In a particular embodiment, there is provided a method for detecting lichen planus pathogens for non-diagnostic purposes, the method comprising the steps of:
1) Extracting or releasing nucleic acid of a sample to be detected;
2) Performing fluorescent quantitative PCR on the nucleic acid obtained in step 1) using the composition of the present invention as described above or the kit of the present invention as described above;
3) Results were obtained and analyzed.
Further, the reaction conditions of the fluorescent quantitative PCR are as follows:
UNG enzyme reaction is carried out for 1 to 5 minutes at the temperature of between 50 and 60 ℃ for 1 cycle; activating Taq enzyme at 90-95 ℃ for 1-5 minutes for 1 cycle; denaturation at 90-95 deg.C for 5-20 s, annealing at 55-60 deg.C for 10-60 s, and collecting fluorescence after 30-50 cycles.

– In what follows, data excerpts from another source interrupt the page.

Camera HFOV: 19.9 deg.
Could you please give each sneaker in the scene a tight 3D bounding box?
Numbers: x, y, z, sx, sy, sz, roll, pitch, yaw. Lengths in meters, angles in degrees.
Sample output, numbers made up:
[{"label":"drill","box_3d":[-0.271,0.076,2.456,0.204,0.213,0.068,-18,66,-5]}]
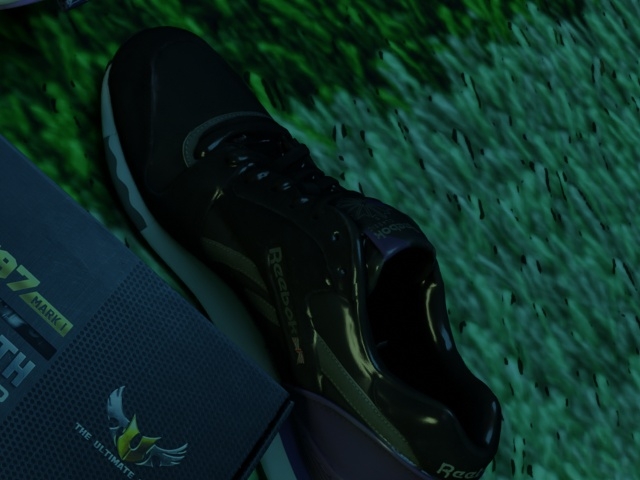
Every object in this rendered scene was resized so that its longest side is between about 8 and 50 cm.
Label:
[{"label":"sneaker","box_3d":[0.000,0.000,0.882,0.107,0.124,0.283,-17,73,-44]}]

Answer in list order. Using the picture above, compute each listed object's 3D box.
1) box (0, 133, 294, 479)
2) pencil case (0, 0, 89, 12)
[{"label":"box","box_3d":[-0.145,0.059,0.774,0.233,0.059,0.183,43,43,-6]},{"label":"pencil case","box_3d":[-0.174,-0.203,0.866,0.088,0.086,0.206,-30,111,-21]}]
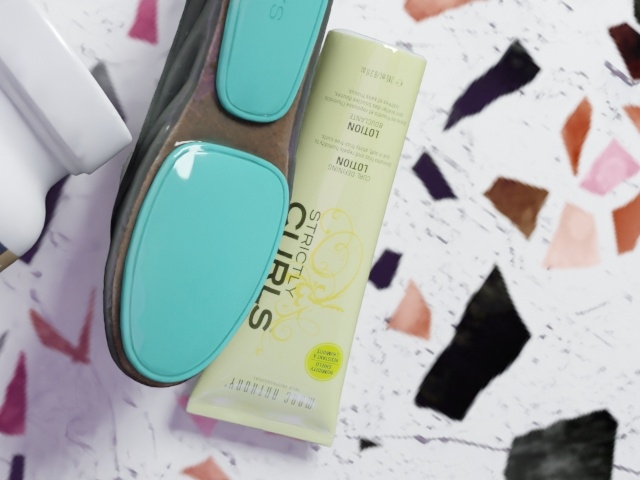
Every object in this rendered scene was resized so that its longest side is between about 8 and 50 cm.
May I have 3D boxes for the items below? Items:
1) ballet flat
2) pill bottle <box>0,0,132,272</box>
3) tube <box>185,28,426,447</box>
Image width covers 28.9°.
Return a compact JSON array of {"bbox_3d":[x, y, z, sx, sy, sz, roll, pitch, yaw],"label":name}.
[{"bbox_3d":[-0.057,-0.058,0.690,0.095,0.096,0.281,21,86,-28],"label":"ballet flat"},{"bbox_3d":[-0.237,-0.023,0.627,0.264,0.153,0.153,-37,100,-6],"label":"pill bottle"},{"bbox_3d":[0.000,0.000,0.727,0.070,0.062,0.240,21,97,28],"label":"tube"}]
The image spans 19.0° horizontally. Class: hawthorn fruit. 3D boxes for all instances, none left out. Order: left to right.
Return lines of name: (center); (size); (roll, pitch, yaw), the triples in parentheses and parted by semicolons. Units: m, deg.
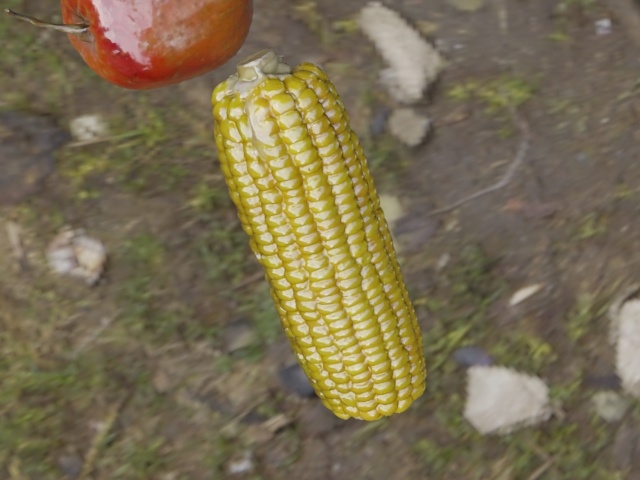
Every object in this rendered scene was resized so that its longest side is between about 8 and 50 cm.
hawthorn fruit: (-0.151, -0.189, 1.549); (0.162, 0.203, 0.163); (32, 147, 24)

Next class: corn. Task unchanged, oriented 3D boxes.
corn: (0.000, 0.000, 0.925); (0.068, 0.068, 0.207); (-9, 120, 19)
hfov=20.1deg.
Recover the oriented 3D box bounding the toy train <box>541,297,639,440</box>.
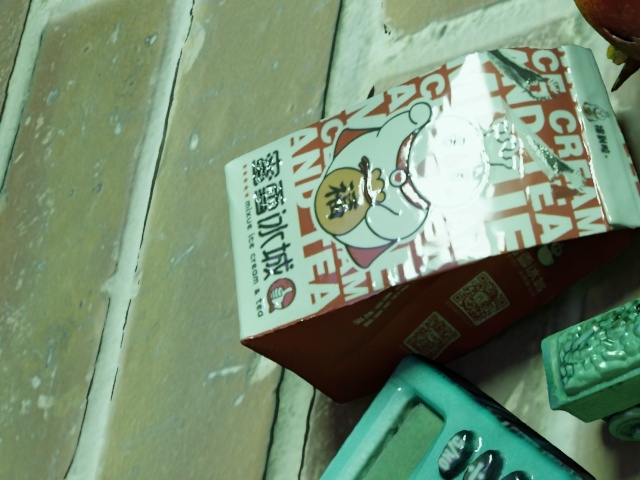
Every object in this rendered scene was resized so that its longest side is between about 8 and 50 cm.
[{"bbox_3d":[0.222,0.069,1.132,0.172,0.099,0.070,-27,50,31],"label":"toy train"}]

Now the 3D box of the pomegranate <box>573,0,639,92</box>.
[{"bbox_3d":[0.253,-0.207,1.215,0.235,0.210,0.210,119,157,-53],"label":"pomegranate"}]

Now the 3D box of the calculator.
[{"bbox_3d":[0.071,0.229,1.211,0.248,0.058,0.274,-55,40,2],"label":"calculator"}]

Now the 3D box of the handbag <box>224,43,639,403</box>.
[{"bbox_3d":[0.090,-0.013,1.301,0.298,0.151,0.171,-21,56,22],"label":"handbag"}]
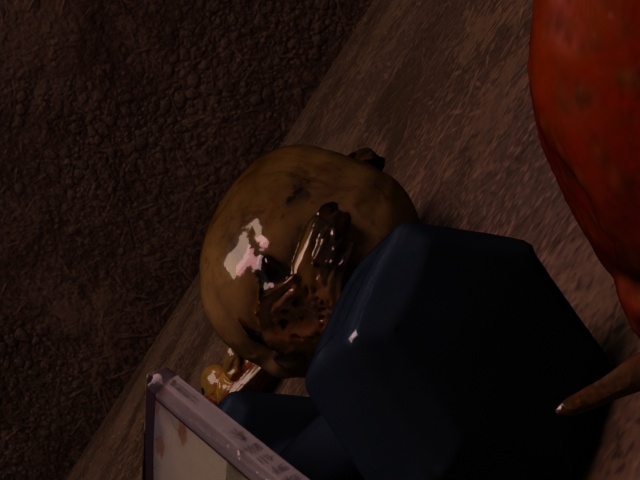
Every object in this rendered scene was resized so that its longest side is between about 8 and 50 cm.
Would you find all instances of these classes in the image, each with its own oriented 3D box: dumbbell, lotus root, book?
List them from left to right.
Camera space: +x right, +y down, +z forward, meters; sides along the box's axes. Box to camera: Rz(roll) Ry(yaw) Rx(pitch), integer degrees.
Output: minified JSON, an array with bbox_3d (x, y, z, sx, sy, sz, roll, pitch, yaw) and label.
[{"bbox_3d":[-0.042,0.183,0.844,0.231,0.026,0.158,29,122,53],"label":"book"},{"bbox_3d":[0.000,0.000,1.307,0.183,0.182,0.310,-54,7,27],"label":"lotus root"},{"bbox_3d":[0.023,0.120,0.893,0.144,0.160,0.325,-26,-12,-34],"label":"dumbbell"}]

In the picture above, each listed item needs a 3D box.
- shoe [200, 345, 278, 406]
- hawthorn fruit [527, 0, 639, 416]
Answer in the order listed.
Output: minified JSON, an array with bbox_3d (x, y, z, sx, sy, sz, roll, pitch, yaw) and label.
[{"bbox_3d":[-0.078,0.138,1.646,0.069,0.072,0.109,54,125,38],"label":"shoe"},{"bbox_3d":[0.160,-0.050,0.529,0.210,0.210,0.262,-120,54,-80],"label":"hawthorn fruit"}]
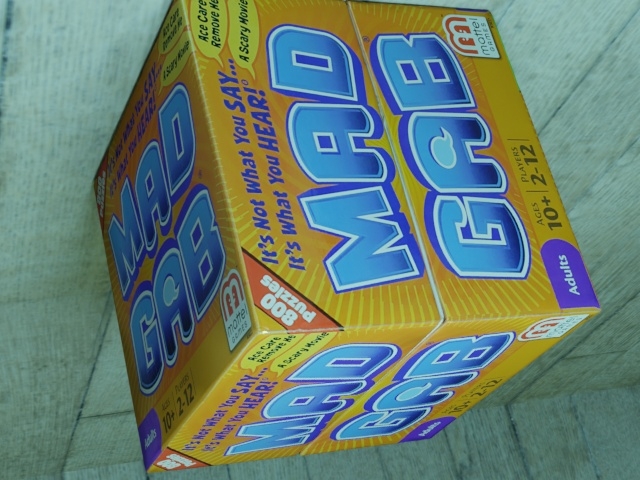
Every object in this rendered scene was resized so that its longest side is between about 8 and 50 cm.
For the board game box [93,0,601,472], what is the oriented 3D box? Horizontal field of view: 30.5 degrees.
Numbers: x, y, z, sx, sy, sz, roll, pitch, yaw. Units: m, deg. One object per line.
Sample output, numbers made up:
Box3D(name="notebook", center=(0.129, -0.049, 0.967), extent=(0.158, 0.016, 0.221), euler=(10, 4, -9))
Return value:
Box3D(name="board game box", center=(0.000, 0.000, 1.229), extent=(0.356, 0.357, 0.356), euler=(-2, 152, -26))
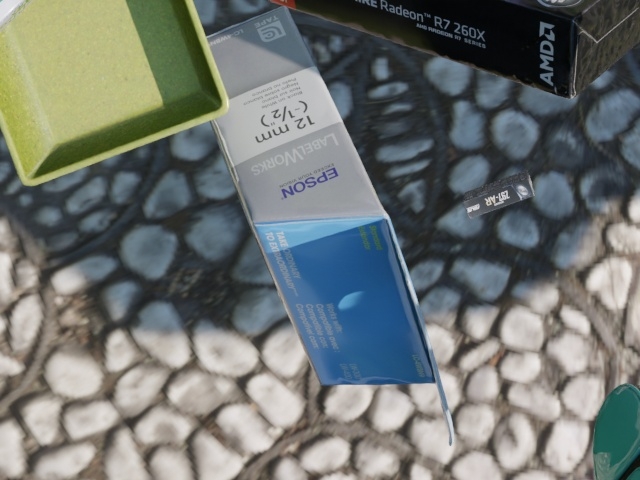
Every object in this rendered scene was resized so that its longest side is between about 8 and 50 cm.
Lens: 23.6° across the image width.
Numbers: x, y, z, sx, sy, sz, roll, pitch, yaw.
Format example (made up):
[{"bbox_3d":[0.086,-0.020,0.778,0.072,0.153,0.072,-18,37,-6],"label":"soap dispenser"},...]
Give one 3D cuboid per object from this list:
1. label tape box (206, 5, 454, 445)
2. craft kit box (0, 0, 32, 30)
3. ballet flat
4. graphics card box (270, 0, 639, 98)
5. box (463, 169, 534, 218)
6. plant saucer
[{"bbox_3d":[0.000,0.000,1.360,0.115,0.249,0.347,-21,50,0],"label":"label tape box"},{"bbox_3d":[-0.283,-0.271,1.093,0.246,0.061,0.250,45,78,-10],"label":"craft kit box"},{"bbox_3d":[0.207,0.154,0.936,0.070,0.188,0.070,3,114,6],"label":"ballet flat"},{"bbox_3d":[0.153,-0.275,1.527,0.371,0.233,0.094,25,135,32],"label":"graphics card box"},{"bbox_3d":[0.173,-0.045,1.488,0.067,0.083,0.018,-20,95,8],"label":"box"},{"bbox_3d":[-0.182,-0.162,1.231,0.188,0.045,0.188,-19,94,14],"label":"plant saucer"}]

As used herein, the term "non-diagnostic purpose" refers to information that is not intended to indicate whether an individual is infected with HHV-7, HPV-11 and HPV-16 and suffers from lichen planus. For example, the method can be used to detect the presence of the pathogen in a test culture in an experiment designed for scientific research.
Drawings
FIG. 1 is a graph showing the results of detection of the composition of the present invention (HHV-7 detection contains only SEQ ID NOS: 1 to 3);
FIG. 2 is a graph showing the results of detection of the composition of the present invention (HHV-7 detection contains SEQ ID NOS: 1-3 and 31-33);
FIG. 3 is a graph showing the results of detection of comparative example composition 1 of the present invention;
FIG. 4 is a graph showing the results of detection of comparative example composition 2 of the present invention.
Detailed Description
The present invention will be specifically explained below with reference to specific embodiments and examples, and the advantages and various effects of the present invention will be more clearly apparent therefrom. It will be understood by those skilled in the art that these specific embodiments and examples are illustrative of the invention and are not to be construed as limiting the invention.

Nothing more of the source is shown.